## WORK TASK:
Word for word, repeat the data that follows. Do not include the pictures.

## PROVIDED DATA:
- - -

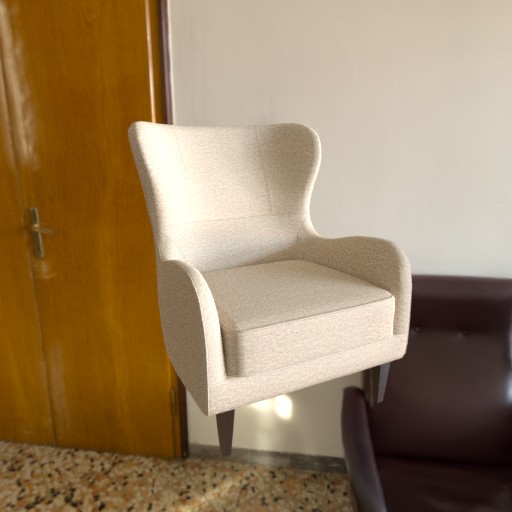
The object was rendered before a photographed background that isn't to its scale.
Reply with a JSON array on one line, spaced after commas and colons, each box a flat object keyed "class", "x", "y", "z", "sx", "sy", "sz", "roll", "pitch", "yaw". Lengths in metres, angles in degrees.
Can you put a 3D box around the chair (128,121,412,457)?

- - -

## EXPECTED OUTPUT:
The object was rendered before a photographed background that isn't to its scale.
Reply with a JSON array on one line, spaced after commas and colons, each box a flat object keyed "class", "x", "y", "z", "sx", "sy", "sz", "roll", "pitch", "yaw". Lengths in metres, angles in degrees.
Can you put a 3D box around the chair (128,121,412,457)?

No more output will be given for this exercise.